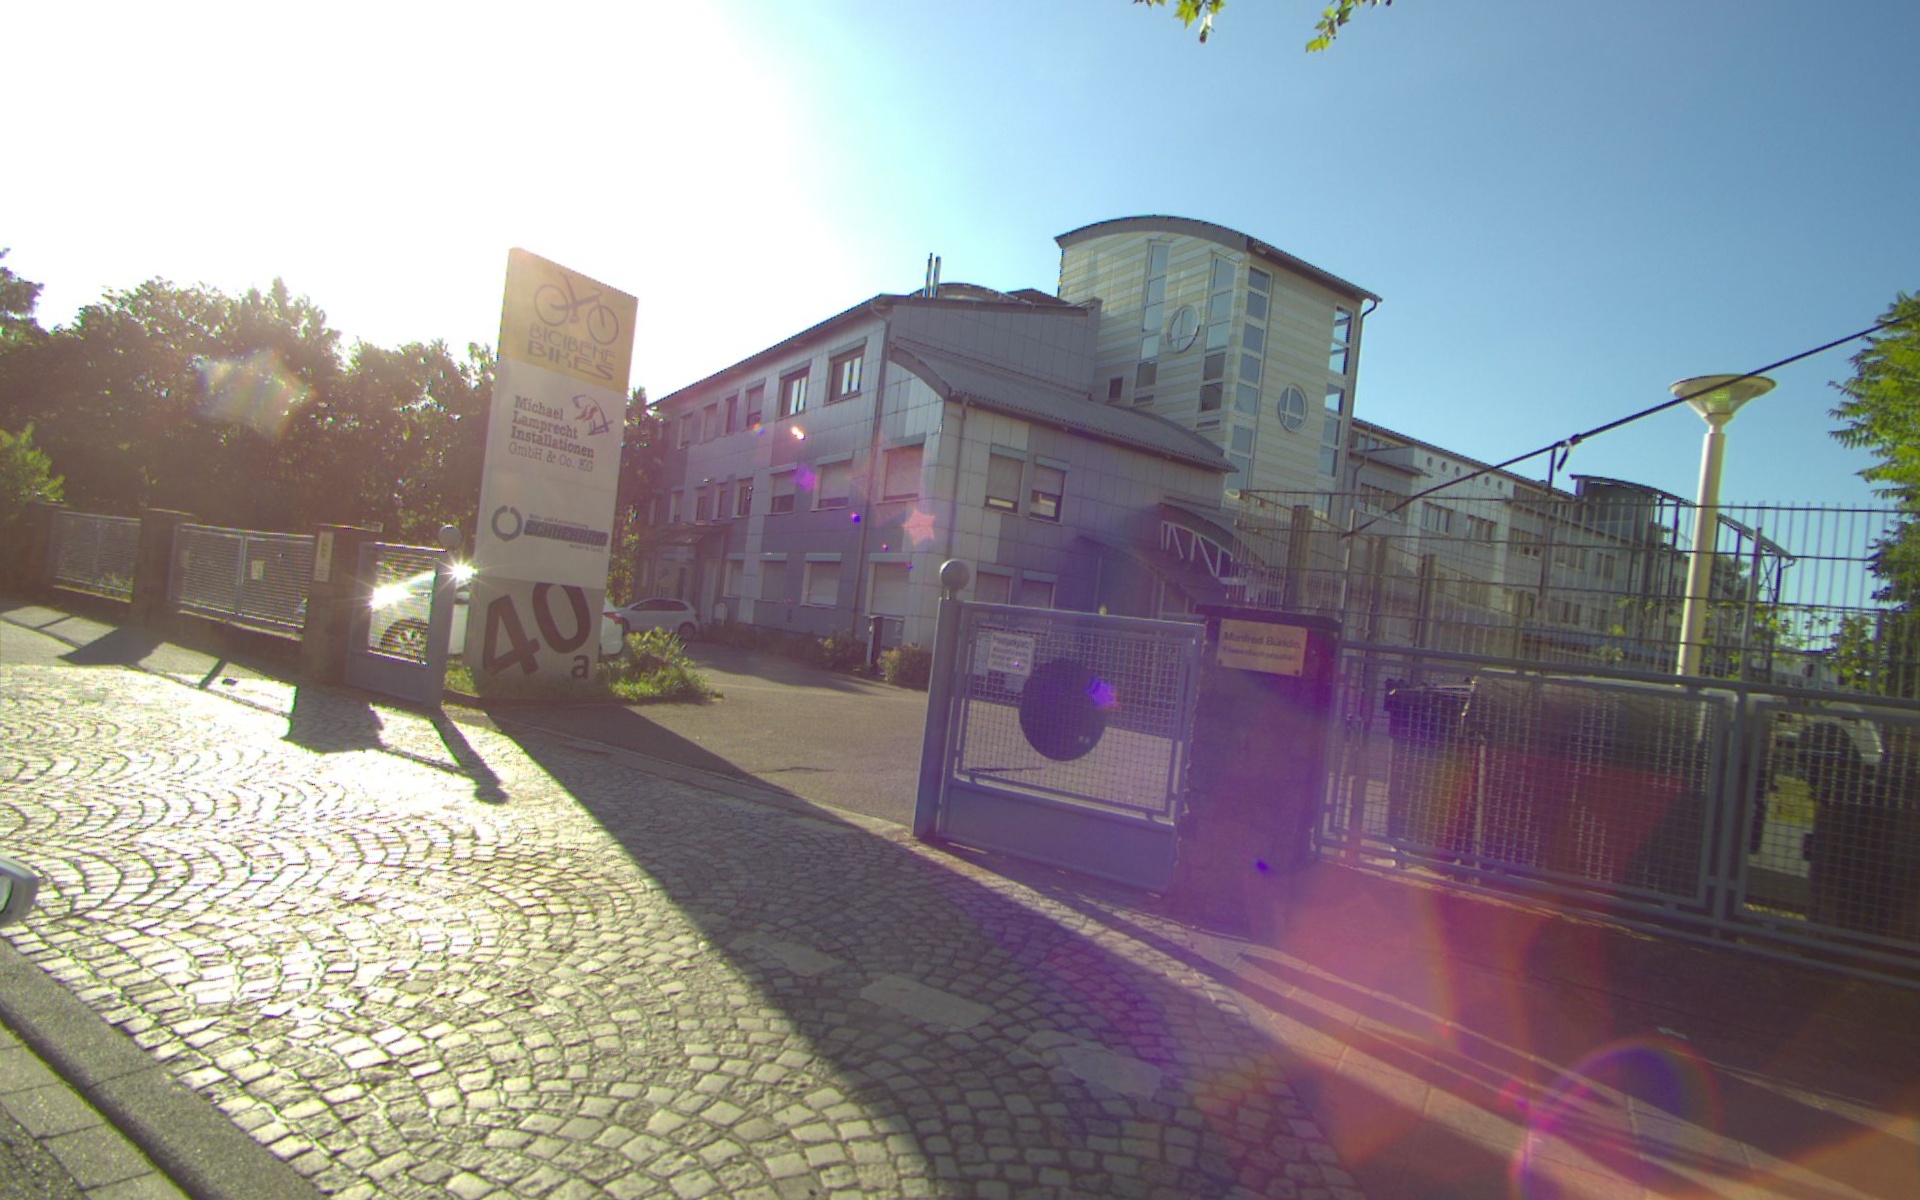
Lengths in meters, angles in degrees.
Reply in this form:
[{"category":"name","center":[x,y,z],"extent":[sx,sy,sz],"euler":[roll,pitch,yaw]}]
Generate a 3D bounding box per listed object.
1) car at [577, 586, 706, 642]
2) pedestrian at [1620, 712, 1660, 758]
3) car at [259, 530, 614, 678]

▶ Work to complete: Each line from the one with "Reply in this" through the last line of the records above must be retyped exactly, and no other line may be given.

▶ Answer space:
Reply in this form:
[{"category":"name","center":[x,y,z],"extent":[sx,sy,sz],"euler":[roll,pitch,yaw]}]
Generate a 3D bounding box per listed object.
1) car at [577, 586, 706, 642]
2) pedestrian at [1620, 712, 1660, 758]
3) car at [259, 530, 614, 678]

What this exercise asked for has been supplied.